Abstract - For these years engineers have chosen electrolytic capacitor technology for use as the bus link capacitor on inverter designs. The main attraction has always been the low cost per farad associated with electrolytic capacitors.
This paper will present a practical mathematical approach on how to properly size a bus link capacitor for a high performance hard switched DC to AC inverter using film capacitors and will show how film capacitors are advantageous over electrolytic capacitors in terms of size, weight, lifetime, inverter efficiency and cost.
What’s the difference of Electrolytic Capacitor and Film capacitor ?
Electrolytic capacitors have been the workhorse technology for hard switched inverter bus link capacitors for many years. Until now, the greatest benefit in using electrolytic capacitors for bus link capacitors in inverters has been their cost. Electrolytic capacitors due however suffer from low ripple current capability due to high ESR and ESL, high thermal resistances limiting the ability to get the heat out, clumsy packaging sizes and mounting difficulties, weight, temperature range and limited lifetime.
Many high performance inverters such as electric vehicles, aircraft, and alternative energy to name a few are now turning to film capacitors because they do not have the limitations of electrolytic capacitors. Moreover, modern film capacitors not only perform better but can be a cost effective technology as well if applied correctly.
What’s the bus capacitance requires for inverters?
The first step in sizing capacitors for inverter bus link applications should be to understand how much bus link capacitance is required for a given inverter design. The biggest design limitation for electrolytic capacitors in inverter applications has been the amount of ripple current that the electrolytic capacitor can sustain. This limits the design criteria of the designer to figuring out how many individual capacitors are required for a given design rather than the total amount of capacitance that is required.

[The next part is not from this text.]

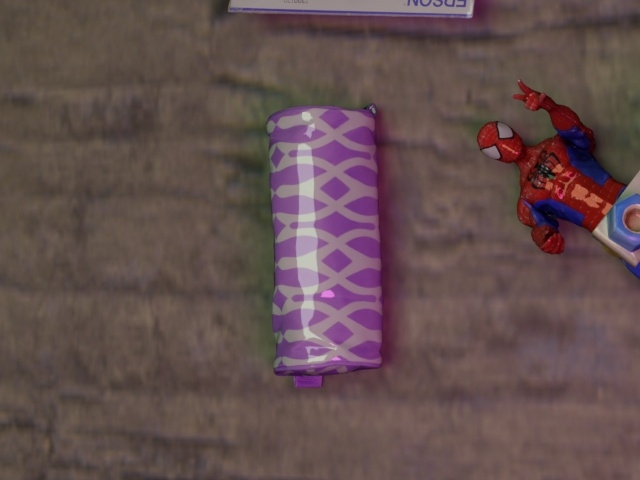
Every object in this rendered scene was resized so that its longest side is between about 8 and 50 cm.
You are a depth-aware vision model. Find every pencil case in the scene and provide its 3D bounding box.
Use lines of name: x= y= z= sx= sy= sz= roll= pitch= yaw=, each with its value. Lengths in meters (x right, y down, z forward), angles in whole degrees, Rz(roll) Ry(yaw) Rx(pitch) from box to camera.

For example, let’s say for a given inverter, the bus link capacitor maximum ripple current requirement is 56 Arms. A 5,000uF / 450V electrolytic capacitor typically will only be able to sustain 28 Arms for a given package size. Therefore the designer must use two 5,000uF electrolytic capacitors totaling 10,000uF to meet the required 56 Arms capability. As will be seen further in this paper, 10,000uF is many times more capacitance then is required to meet the design performance for an inverter.
Having an excessive amount of bus link capacitance also presents some safety concerns. Once the inverter is powered down, a large amount of energy is stored in the bus link capacitor and this energy can be depending on the voltage, lethal if touched by an unsuspecting repair person. Most inverter designs with large amounts of capacitance add circuitry to discharge the bus link capacitors in a quick and safe manner upon power down so as not to present a safety concern. This of course adds complexity and cost to an inverter’s overall design.
Film capacitors do cost more per uF than electrolytic capacitors. It will be shown in this paper that the amount of capacitance needed for an inverter bus link capacitor design is much less for a film capacitor than an electrolytic capacitor since the film capacitor is not limited by ripple current rating like the electrolytic capacitor is. This is why when film capacitors are considered as direct uF replacements in an existing inverter design, the film capacitors will look much more expensive if you simply use the same amount of uF for film capacitors as you would with electrolytic capacitors.
The capacitor voltage rating must exceed the worst-case peak bus voltage as might arise under “high-line” mains conditions, maximum solar-panel output voltage, etc. Low-ESR aluminum electrolytic capacitors are rated only up to 500 Vdc, so they may need to be connected in series with balancing resistors. Film capacitors are rated to much higher voltages than aluminum electrolytic capacitors and generally do not require a series connection. Aluminum electrolytic capacitors are less expensive per unit of nameplate energy, but they don’t handle as much ripple current per unit of stored energy, so the ripple current handling needs to be investigated.
What are the factors influence the bus link capacitance value?
There are other factors that can affect and ultimately determine the bus link capacitance value. Some immediate examples are bus ripple voltage due to the AC to DC input rectifier circuit, regenerative energy, source impedance and load dynamics.
We will not and cannot address all the system affects on the bus link capacitor since they are unique to the application and depend on each specific design. We can provide however the opportunity to size the bus link capacitor by taking into consideration the effects of the bus voltage, load inductance and switching frequency.
We had presented a discussion on how to properly size a bus link capacitor for a high performance hard switched DC to AC inverter using film capacitors and has shown that film capacitors are advantageous over electrolytic capacitors in terms of size, weight, lifetime, inverter efficiency and cost.
The supporting equations to determine the capacitance and ripple current requirements for an inverter were shown to be based primarily on bus voltage, load inductance and inverter switching frequency. The film capacitor technology has been shown to be smaller, lighter, have longer life and be cost competitive compared to the electrolytic capacitor technology for high performance inverter applications. Design examples were presented showing the advantages of film capacitors for a general inverter design and also a windmill inverter application.
Although this paper does not attempt to address every system consideration when designing a high performance inverter, it has discussed how to effectively size film capacitors in terms of ripple current, bus ripple voltage and load inductance as capacitor performance factors in selecting bus link capacitors. The result as compared to an equivalent design using electrolytic capacitors shows film capacitors used for bus link capacitors in hard switched inverters as being superior in terms of size, weight, lifetime and cost.